Start at the line with "Ensure brevity in" in the records below, stop at the line with "Keep it short and to the point. Large.", and return every line in that span exactly, the two end lines included.

Data to process section start

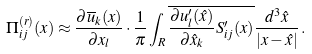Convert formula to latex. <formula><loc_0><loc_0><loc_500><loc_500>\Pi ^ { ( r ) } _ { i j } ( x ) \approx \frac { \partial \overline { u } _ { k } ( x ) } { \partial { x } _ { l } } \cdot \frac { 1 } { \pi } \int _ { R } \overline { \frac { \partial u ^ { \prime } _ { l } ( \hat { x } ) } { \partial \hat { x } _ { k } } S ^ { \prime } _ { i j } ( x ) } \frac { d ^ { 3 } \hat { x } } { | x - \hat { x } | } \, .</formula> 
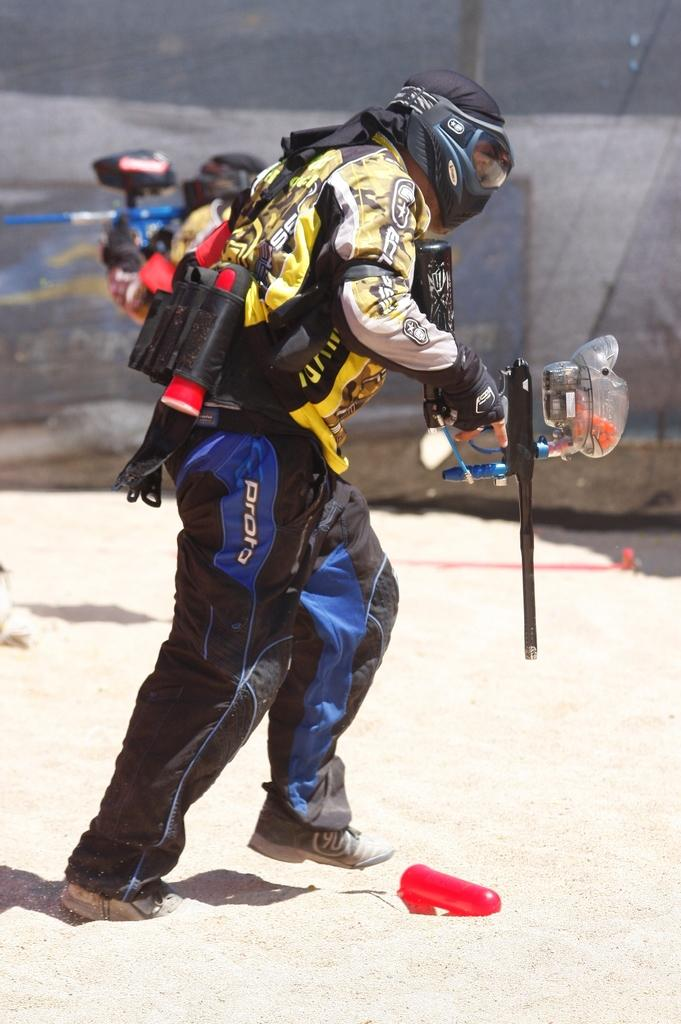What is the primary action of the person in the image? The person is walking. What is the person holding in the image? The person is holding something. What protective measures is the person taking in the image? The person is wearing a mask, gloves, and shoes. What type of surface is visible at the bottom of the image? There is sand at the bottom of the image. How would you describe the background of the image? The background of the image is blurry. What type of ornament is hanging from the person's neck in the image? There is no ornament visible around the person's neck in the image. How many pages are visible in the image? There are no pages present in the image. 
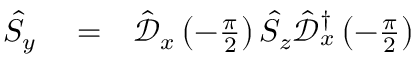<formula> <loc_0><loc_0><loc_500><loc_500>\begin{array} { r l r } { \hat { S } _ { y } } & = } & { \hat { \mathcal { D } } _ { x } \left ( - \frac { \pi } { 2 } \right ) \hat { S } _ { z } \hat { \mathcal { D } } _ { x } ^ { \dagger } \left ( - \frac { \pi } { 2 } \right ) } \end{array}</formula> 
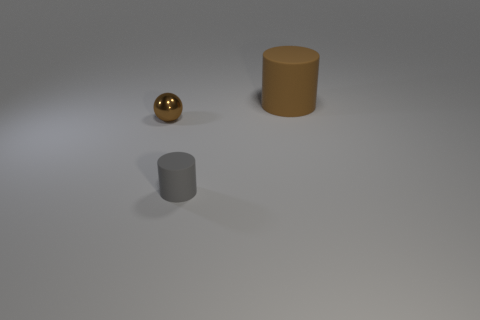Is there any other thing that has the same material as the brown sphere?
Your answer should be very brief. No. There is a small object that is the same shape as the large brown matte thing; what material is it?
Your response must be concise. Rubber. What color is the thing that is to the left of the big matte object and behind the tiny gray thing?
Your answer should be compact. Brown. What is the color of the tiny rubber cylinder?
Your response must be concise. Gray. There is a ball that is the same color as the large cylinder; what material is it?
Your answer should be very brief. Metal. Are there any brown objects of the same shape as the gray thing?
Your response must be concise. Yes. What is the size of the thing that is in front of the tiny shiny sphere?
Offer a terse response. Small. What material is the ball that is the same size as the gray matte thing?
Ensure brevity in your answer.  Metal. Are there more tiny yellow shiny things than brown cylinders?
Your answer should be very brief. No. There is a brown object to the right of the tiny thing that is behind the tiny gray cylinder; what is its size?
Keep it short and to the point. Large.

Data to process section end
Data to process section start

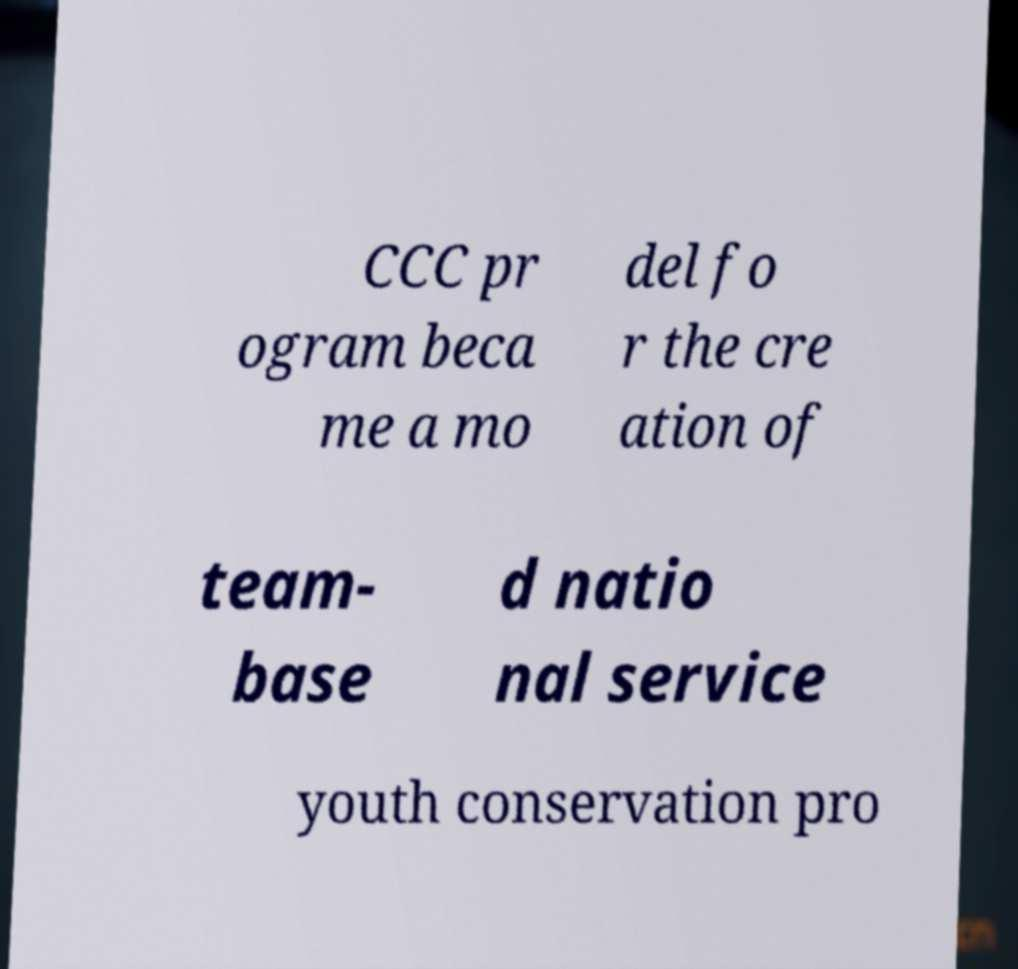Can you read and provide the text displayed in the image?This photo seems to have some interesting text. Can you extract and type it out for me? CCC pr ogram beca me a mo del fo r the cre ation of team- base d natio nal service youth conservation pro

Data to process section end

Answer to the problem:
Ensure brevity in your answer.  Metal. Are there more tiny yellow shiny things than brown cylinders?
Your answer should be very brief. No. There is a brown object to the right of the tiny thing that is behind the tiny gray cylinder; what is its size?
Keep it short and to the point. Large.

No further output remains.